**WORK TASK:**
Below is a listing. Write out exactly its lines between the one holding "table_cell 14 [248, 843, 700, 868]" and the one holding "table_cell 21 [700, 1254, 1152, 1280]", inclusive.

*** Begin section ***

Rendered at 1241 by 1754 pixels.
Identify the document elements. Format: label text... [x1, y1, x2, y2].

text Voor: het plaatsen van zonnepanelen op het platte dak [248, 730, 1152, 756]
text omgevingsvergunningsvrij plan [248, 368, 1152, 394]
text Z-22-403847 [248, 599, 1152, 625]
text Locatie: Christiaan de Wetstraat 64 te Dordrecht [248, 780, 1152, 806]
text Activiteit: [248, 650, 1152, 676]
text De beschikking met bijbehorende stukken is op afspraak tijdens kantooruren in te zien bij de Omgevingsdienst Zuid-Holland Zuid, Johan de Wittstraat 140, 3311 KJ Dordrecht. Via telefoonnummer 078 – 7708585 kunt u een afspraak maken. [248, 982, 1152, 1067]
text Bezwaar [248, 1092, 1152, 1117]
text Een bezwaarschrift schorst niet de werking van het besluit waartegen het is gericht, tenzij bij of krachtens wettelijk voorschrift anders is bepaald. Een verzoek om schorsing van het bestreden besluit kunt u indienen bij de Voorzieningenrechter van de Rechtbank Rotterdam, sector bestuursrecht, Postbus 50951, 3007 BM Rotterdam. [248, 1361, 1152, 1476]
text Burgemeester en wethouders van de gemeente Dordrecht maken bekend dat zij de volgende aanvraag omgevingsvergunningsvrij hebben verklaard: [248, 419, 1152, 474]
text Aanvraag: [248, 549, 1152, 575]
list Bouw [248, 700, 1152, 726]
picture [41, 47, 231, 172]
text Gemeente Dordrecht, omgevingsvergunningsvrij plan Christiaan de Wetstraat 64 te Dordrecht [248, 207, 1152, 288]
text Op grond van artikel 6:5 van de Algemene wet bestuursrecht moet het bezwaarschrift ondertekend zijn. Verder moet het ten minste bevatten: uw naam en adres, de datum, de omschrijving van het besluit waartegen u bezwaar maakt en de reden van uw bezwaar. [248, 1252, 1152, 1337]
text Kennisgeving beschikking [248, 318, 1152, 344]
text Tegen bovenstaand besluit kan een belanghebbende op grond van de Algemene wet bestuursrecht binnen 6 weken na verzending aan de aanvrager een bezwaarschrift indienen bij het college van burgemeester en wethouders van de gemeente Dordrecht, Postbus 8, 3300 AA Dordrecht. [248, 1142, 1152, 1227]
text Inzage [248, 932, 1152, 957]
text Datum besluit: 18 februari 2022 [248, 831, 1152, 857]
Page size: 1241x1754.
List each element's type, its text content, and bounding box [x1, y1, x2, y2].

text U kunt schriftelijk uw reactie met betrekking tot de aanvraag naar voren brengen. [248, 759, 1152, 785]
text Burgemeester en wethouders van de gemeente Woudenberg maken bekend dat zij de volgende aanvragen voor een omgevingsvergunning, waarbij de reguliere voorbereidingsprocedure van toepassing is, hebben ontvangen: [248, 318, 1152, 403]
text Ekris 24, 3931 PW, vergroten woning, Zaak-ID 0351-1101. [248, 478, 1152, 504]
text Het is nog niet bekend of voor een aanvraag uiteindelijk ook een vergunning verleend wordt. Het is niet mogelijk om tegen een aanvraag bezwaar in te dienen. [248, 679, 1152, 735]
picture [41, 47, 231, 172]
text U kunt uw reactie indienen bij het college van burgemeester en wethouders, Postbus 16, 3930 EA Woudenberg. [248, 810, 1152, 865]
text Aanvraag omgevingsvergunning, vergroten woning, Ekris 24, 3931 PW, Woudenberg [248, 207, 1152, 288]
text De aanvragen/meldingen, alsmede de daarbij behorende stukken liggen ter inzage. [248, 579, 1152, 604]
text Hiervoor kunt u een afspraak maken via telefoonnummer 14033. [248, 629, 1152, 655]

*** End section ***
*** Begin section ***

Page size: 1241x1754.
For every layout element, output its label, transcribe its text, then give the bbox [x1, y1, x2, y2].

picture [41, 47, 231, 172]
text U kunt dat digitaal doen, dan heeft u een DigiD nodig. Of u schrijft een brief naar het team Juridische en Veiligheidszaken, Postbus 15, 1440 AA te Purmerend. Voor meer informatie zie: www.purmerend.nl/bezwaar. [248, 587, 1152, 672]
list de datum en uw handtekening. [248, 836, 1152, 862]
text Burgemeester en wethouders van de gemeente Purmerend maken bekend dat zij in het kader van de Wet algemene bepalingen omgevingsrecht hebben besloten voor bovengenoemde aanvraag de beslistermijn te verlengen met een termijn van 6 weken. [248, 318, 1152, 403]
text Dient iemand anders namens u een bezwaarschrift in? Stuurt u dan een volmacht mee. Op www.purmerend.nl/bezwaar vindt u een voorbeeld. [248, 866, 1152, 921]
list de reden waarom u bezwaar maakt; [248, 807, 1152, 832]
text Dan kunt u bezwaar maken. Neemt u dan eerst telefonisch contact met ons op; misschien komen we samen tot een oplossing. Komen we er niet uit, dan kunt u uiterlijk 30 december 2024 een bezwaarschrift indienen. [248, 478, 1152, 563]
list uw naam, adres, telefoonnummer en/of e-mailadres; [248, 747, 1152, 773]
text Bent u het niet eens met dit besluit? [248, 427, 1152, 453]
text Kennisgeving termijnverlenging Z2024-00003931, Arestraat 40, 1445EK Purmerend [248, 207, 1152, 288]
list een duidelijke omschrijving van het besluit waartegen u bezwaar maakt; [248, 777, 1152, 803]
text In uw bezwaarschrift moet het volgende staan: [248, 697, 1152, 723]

*** End section ***
*** Begin section ***

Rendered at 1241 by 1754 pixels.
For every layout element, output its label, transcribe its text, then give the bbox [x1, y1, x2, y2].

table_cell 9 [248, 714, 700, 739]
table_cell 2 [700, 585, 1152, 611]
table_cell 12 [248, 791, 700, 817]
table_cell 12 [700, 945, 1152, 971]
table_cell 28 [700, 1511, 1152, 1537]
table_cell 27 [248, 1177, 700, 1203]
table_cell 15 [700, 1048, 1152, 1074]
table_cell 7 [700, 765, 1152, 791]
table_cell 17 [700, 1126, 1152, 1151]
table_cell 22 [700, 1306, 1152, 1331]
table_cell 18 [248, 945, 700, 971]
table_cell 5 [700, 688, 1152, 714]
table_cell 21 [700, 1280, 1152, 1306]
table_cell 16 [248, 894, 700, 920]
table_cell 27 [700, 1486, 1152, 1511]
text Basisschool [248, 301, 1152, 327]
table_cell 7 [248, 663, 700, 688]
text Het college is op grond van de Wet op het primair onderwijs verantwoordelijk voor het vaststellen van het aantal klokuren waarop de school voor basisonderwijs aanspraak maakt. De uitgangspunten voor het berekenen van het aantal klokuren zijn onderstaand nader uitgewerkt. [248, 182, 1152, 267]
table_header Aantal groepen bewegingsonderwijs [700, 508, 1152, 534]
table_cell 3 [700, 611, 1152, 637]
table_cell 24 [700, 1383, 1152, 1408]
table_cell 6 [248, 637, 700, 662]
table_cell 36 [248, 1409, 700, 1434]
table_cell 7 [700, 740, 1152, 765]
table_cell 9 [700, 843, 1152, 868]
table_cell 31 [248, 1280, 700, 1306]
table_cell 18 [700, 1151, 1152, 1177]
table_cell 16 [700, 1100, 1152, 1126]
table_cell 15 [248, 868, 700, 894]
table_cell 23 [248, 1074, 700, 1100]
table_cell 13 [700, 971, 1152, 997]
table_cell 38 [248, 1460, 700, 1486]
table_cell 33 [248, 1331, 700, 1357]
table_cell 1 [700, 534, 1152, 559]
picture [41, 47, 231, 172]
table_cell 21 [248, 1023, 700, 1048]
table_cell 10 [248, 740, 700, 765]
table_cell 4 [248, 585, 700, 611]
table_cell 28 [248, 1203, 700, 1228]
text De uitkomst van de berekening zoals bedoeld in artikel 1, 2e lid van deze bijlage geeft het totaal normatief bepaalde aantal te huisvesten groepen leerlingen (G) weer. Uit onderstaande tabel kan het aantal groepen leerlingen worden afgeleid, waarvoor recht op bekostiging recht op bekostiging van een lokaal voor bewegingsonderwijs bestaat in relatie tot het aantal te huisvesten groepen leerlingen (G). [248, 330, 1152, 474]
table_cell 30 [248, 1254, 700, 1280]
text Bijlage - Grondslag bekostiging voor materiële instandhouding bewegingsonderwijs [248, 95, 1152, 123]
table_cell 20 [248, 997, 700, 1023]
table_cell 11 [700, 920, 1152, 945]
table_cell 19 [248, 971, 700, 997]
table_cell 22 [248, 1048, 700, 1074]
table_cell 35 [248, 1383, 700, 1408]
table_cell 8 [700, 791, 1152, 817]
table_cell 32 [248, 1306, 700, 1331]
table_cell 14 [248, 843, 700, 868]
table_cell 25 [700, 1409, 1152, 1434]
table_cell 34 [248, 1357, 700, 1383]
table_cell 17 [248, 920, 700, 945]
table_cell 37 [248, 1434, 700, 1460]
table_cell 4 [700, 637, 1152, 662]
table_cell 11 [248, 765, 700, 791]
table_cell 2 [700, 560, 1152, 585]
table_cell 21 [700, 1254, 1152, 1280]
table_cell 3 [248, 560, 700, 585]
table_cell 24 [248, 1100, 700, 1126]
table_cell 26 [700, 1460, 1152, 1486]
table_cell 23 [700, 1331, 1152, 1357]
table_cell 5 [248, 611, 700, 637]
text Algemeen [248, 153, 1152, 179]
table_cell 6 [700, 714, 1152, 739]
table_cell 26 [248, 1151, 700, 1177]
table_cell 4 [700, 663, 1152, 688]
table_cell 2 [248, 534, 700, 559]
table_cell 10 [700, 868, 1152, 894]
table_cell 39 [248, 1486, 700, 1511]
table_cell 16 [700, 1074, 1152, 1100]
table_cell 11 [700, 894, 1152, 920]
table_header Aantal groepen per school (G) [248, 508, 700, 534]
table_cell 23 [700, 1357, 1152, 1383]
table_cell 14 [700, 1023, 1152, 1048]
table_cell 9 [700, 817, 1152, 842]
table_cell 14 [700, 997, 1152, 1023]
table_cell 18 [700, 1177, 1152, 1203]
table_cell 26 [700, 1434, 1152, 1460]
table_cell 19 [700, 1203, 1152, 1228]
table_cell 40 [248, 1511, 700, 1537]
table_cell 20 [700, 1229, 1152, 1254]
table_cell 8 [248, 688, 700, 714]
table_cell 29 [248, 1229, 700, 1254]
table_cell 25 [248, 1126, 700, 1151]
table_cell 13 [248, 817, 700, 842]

*** End section ***

**ANSWER TO THIS EXERCISE:**
table_cell 14 [248, 843, 700, 868]
table_cell 25 [700, 1409, 1152, 1434]
table_cell 34 [248, 1357, 700, 1383]
table_cell 17 [248, 920, 700, 945]
table_cell 37 [248, 1434, 700, 1460]
table_cell 4 [700, 637, 1152, 662]
table_cell 11 [248, 765, 700, 791]
table_cell 2 [700, 560, 1152, 585]
table_cell 21 [700, 1254, 1152, 1280]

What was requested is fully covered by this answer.